• Dataset records:
────────

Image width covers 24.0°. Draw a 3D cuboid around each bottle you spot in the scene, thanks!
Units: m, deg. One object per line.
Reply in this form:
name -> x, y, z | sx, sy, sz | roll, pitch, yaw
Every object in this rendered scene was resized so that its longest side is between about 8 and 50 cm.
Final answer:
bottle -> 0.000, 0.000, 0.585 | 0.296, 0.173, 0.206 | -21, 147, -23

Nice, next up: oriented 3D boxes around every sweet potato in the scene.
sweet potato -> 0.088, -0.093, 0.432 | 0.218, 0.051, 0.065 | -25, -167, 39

────────

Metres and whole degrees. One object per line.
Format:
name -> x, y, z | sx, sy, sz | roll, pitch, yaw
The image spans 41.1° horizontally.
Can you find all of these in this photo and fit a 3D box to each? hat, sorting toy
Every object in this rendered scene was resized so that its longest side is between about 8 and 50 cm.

────────

• Exercise requirements: Copy every line from the entries that contains the word "each".

• Solved exercise:
Image width covers 24.0°. Draw a 3D cuboid around each bottle you spot in the scene, thanks!
Can you find all of these in this photo and fit a 3D box to each? hat, sorting toy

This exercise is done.